Numpy: Difference between dot(a,b) and (a*b).sum()

2019-04-18 12:10发布

问题:

For 1-D numpy arrays, this two expressions should yield the same result (theorically):

(a*b).sum()/a.sum()
dot(a, b)/a.sum()

The latter uses dot() and is faster. But which one is more accurate? Why?

Some context follows.

I wanted to compute the weighted variance of a sample using numpy. I found the dot() expression in another answer, with a comment stating that it should be more accurate.

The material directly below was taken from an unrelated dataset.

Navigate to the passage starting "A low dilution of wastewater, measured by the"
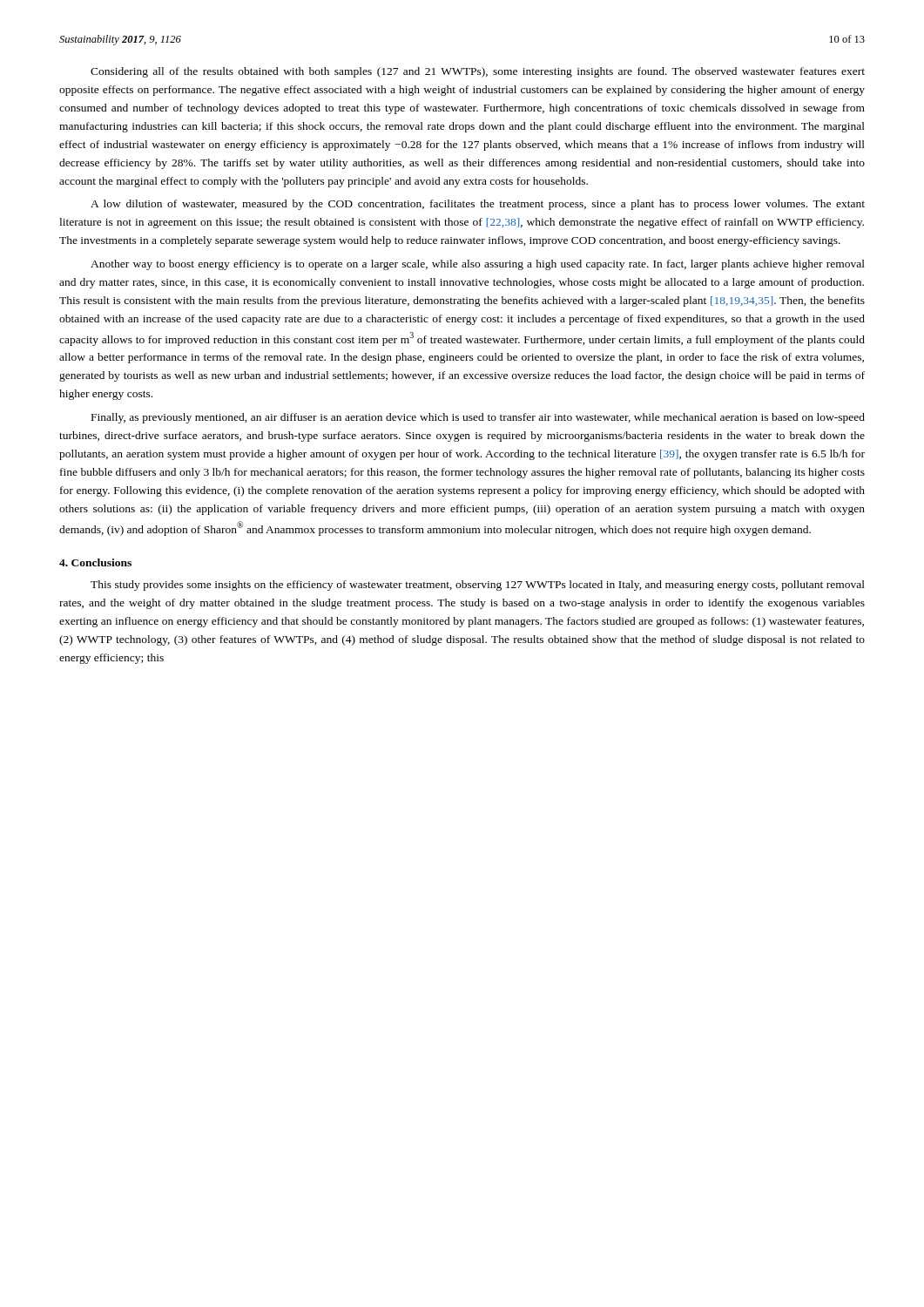 click(x=462, y=223)

However no explanation is given there.

回答1:

Numpy dot is one of the routines that calls the BLAS library that you link on compile (or builds its own). The importance of this is the BLAS library can make use of Multiply–accumulate operations (usually Fused-Multiply Add) which limit the number of roundings that the computation performs.

Take the following:

>>> a=np.ones(1000,dtype=np.float128)+1E-14 
>>> (a*a).sum()  
1000.0000000000199948
>>> np.dot(a,a)
1000.0000000000199948

Not exact, but close enough.

>>> a=np.ones(1000,dtype=np.float64)+1E-14
>>> np.dot(a,a)
1000.0000000000176  #off by 2.3948e-12
>>> (a*a).sum()
1000.0000000000059  #off by 1.40948e-11

The np.dot(a, a) will be the more accurate of the two as it use approximately half the number of floating point roundings that the naive (a*a).sum() does.

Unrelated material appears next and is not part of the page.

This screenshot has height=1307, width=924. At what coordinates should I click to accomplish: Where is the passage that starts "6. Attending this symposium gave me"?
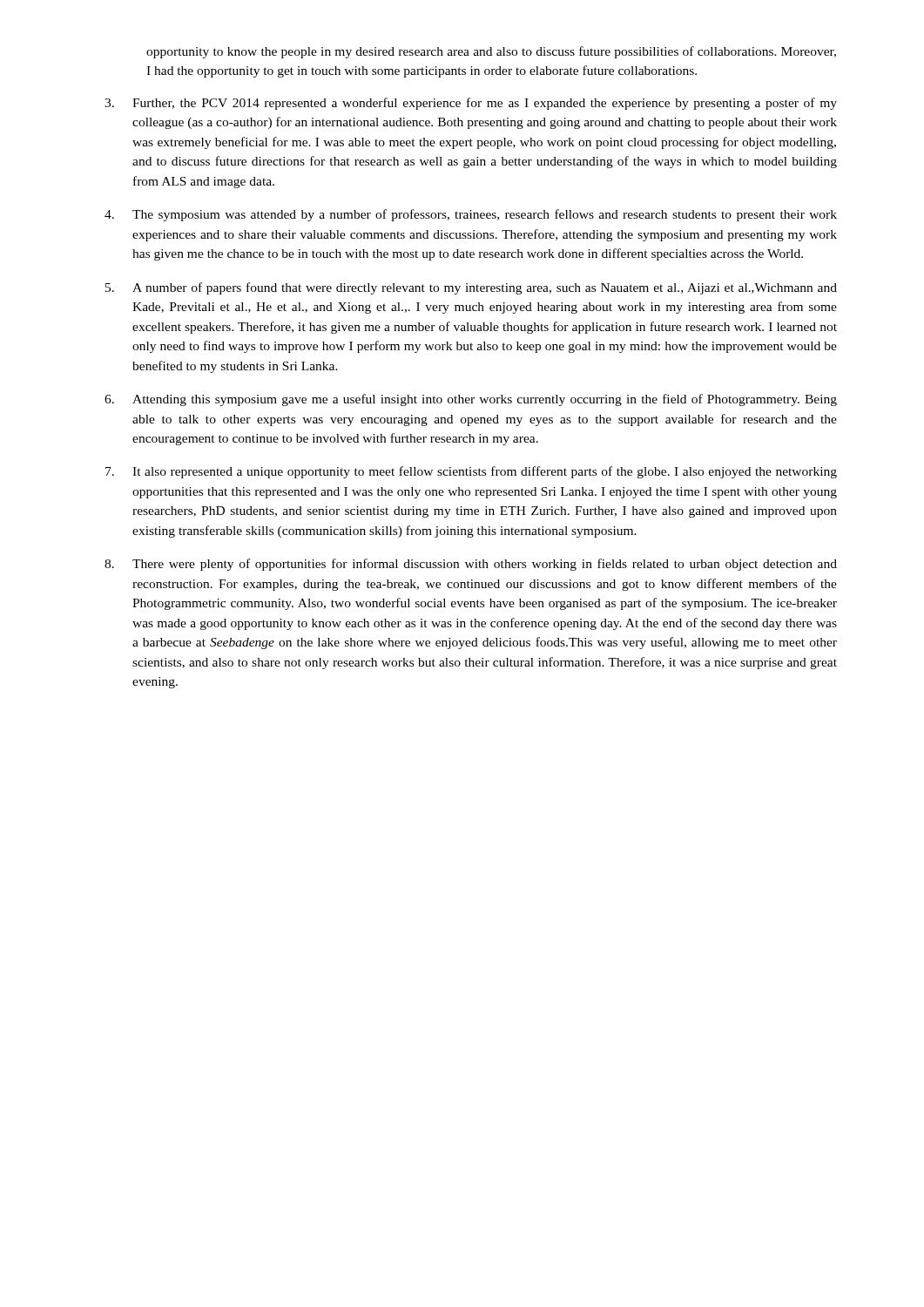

A book by Nvidia has the following example for 4 digits of precision. rn stands for 4 round to the nearest 4 digits:

x = 1.0008
x2 = 1.00160064                    #    true value
rn(x2 − 1) = 1.6006 × 10−4         #    fused multiply-add
rn(rn(x2) − 1) = 1.6000 × 10−4     #    multiply, then add

Of course floating point numbers are not rounded to the 16th decimal place in base 10, but you get the idea.

Placing np.dot(a,a) in the above notation with some additional pseudo code:

out=0
for x in a:
    out=rn(x*x+out)   #Fused multiply add

While (a*a).sum() is:

arr=np.zeros(a.shape[0])   
for x in range(len(arr)):
    arr[x]=rn(a[x]*a[x])

out=0
for x in arr:
    out=rn(x+out)

From this its easy to see that the number is rounded twice as many times using (a*a).sum() compared to np.dot(a,a). These small differences summed can change the answer minutely. Additional exmaples can be found here.